**Task instructions:** Locate "name | x y z sx sy sz roll pitch yaw" in the records below, then copy its line and every following line exactly, without the pictures.

Recorded data
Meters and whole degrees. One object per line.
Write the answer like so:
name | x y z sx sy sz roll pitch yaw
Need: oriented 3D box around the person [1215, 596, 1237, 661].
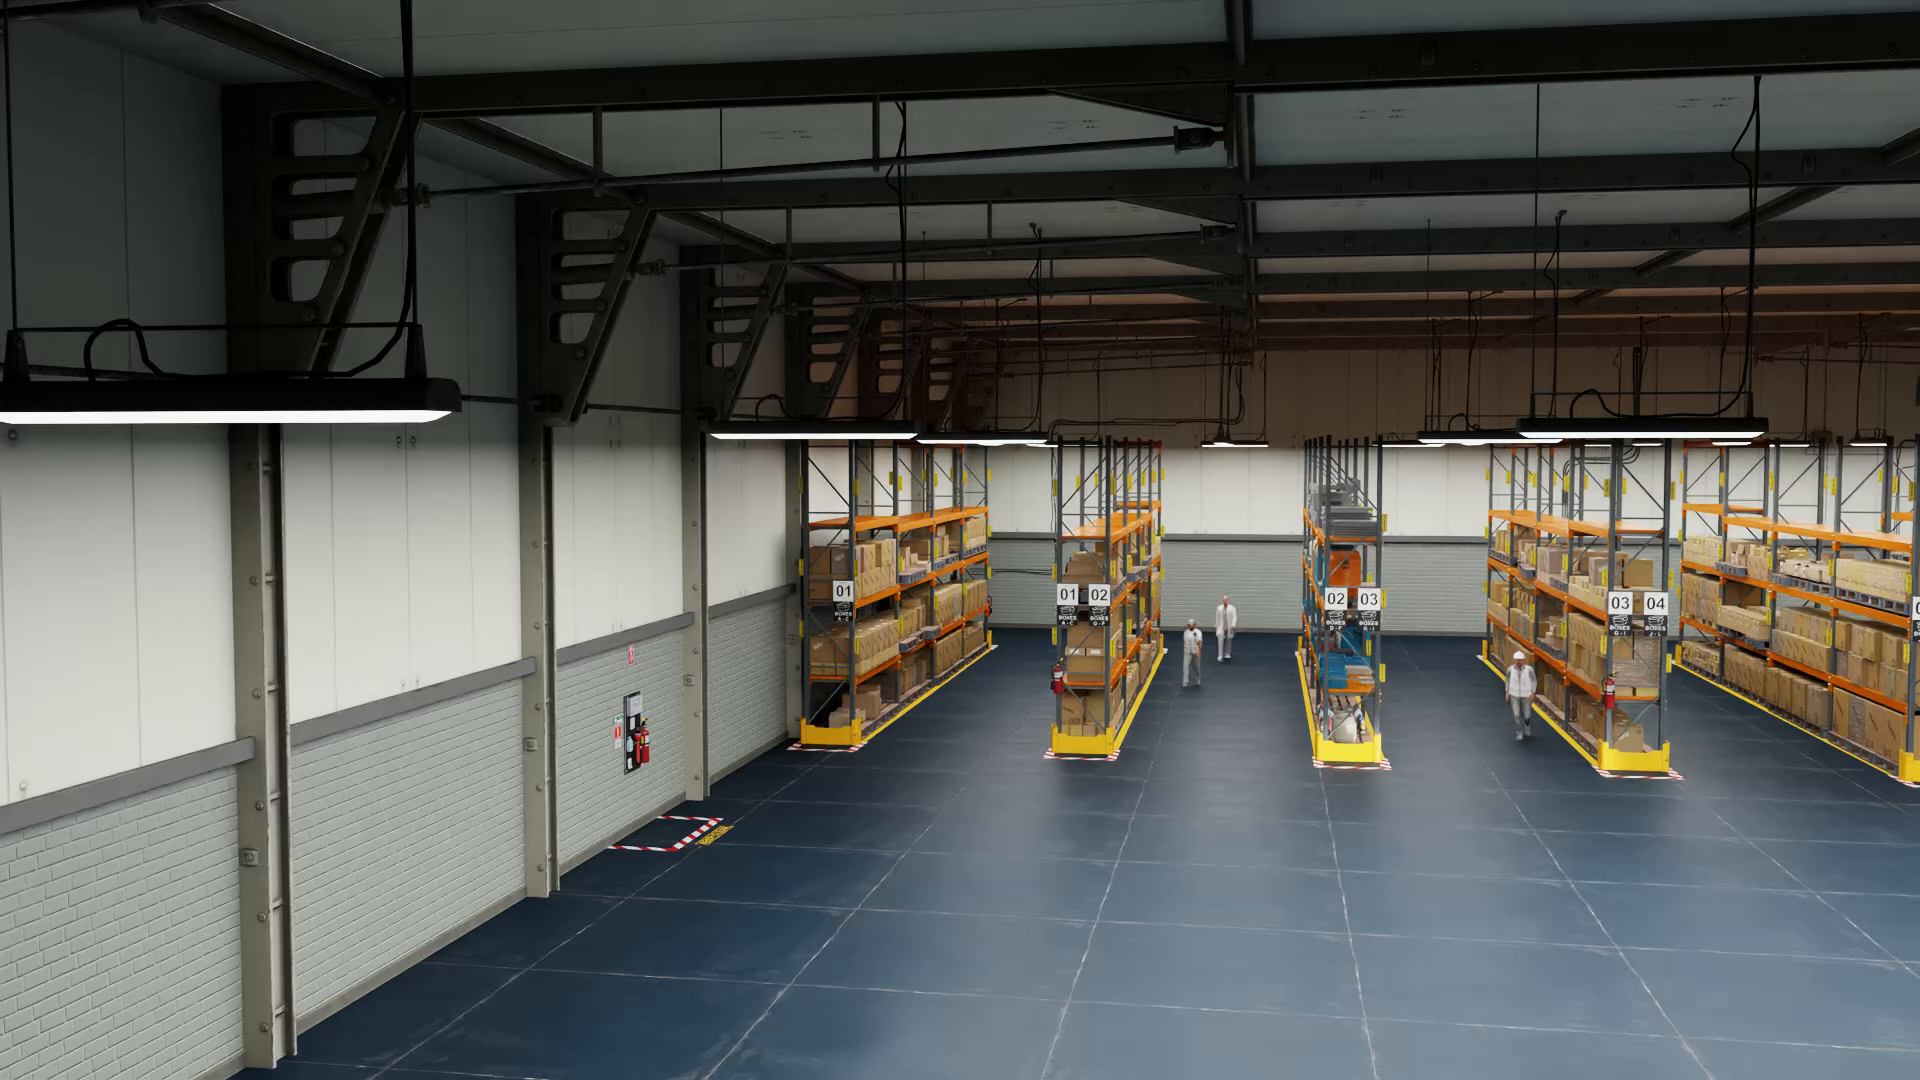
person | 7.218 2.391 45.128 0.582 1.721 1.108 0 3 8

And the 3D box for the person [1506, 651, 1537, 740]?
person | 11.148 3.067 33.019 0.600 1.754 0.660 1 3 24

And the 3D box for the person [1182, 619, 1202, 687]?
person | 5.603 2.722 40.168 0.501 1.611 0.949 1 3 22

**Result of the task:**
name | x y z sx sy sz roll pitch yaw
Need: oriented 3D box around the person [1215, 596, 1237, 661].
person | 7.218 2.391 45.128 0.582 1.721 1.108 0 3 8

And the 3D box for the person [1506, 651, 1537, 740]?
person | 11.148 3.067 33.019 0.600 1.754 0.660 1 3 24

And the 3D box for the person [1182, 619, 1202, 687]?
person | 5.603 2.722 40.168 0.501 1.611 0.949 1 3 22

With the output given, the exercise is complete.